22. GENERAL PROVISIONS.
(a) Complete Agreement: This License Agreement together with any schedules referred to in this Agreement, all of which are incorporated herein by reference, constitutes the sole and entire agreement between the parties. This Agreement supersedes all prior understandings, agreements, representations, and documentation relating to the subject matter of this Agreement.
(b) Modifications: Modifications and amendments to this Agreement, including any exhibit, schedule or attachment hereto, shall be enforceable only if in writing and signed by authorized representatives of both parties.
(c) Applicable law: This License will be governed by the laws of the State of Ohio and of the United States of America. Venue for the purposes of legal action shall be the courts of Delaware County, Ohio and the United States District Court for the Southern District of Ohio.
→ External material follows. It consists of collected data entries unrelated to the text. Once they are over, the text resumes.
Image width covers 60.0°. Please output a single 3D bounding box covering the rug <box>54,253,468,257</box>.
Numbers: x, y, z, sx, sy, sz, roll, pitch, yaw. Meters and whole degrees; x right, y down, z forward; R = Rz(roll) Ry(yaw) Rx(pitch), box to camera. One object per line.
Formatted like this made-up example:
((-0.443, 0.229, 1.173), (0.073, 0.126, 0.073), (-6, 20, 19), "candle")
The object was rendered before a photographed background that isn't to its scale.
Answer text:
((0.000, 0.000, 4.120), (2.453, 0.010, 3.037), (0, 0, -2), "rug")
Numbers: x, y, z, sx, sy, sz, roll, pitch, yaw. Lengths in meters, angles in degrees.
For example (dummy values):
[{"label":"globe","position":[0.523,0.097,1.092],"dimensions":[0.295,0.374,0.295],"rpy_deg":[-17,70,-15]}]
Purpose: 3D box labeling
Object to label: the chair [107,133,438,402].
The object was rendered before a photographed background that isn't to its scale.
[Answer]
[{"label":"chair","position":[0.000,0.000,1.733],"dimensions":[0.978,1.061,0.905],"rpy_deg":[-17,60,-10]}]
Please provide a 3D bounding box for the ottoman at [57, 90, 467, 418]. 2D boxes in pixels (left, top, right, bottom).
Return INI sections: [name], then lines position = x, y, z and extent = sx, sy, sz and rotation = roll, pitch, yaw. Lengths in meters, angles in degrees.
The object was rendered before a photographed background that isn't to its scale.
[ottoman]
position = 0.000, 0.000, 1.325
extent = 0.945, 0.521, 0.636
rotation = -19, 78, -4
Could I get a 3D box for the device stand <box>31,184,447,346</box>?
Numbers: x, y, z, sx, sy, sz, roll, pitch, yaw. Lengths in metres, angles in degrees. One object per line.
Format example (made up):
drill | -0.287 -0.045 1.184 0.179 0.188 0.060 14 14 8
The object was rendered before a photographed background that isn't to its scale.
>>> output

(d) Notices: All notices and other communications given in connection with this License shall be in writing and shall be deemed given as follows: When delivered personally to the recipient’s known address; Three days after being deposited in the United States mail, postage prepaid to the recipient’s address as appearing in the Purchase Agreement; or when sent by legally scanned/imaged document with signature to email address of the recipient known to the party giving notice, where the email is acknowledged via a read receipt or reply. Notice is effective upon receipt provided that a duplicate copy of the notice is promptly given by first-class or certified mail or the recipient delivers a written confirmation of receipt.
(e). Licensee may not assign or transfer any of the rights or responsibilities set forth herein without the express written consent of Licensor (which shall not be unreasonably withheld) provided, however, that Licensor may assign this Agreement, and/or any of its rights and/or obligations hereunder upon written notice to Licensee, to a successor of all, or substantially all, of Licensor’s business or assets without Licensee’s consent. Any other purported attempt to do so shall be void.
(f) Licensor’s failure to exercise any of its rights hereunder shall not constitute or be deemed a waiver or forfeiture of any such rights.
(g) Each Appendix and Exhibit referred to in this Agreement is incorporated in full in this Agreement wherever a reference to it is made.
(h) This Agreement shall be binding on, and inure to the benefit of, the parties hereto and their respective heirs, legal representatives, successors and assigns.
(i) Any invalidity, in whole or in part, of any provision of this Agreement, shall not affect the validity of any other of its provisions.
(j) The terms and conditions of this Agreement replace, supersede, and shall take precedence over the terms and conditions of any previous or existing Licensor Products agreement between the parties, or shrinkwrap agreement, provided for the Licensor Products acquired for the purposes hereunder.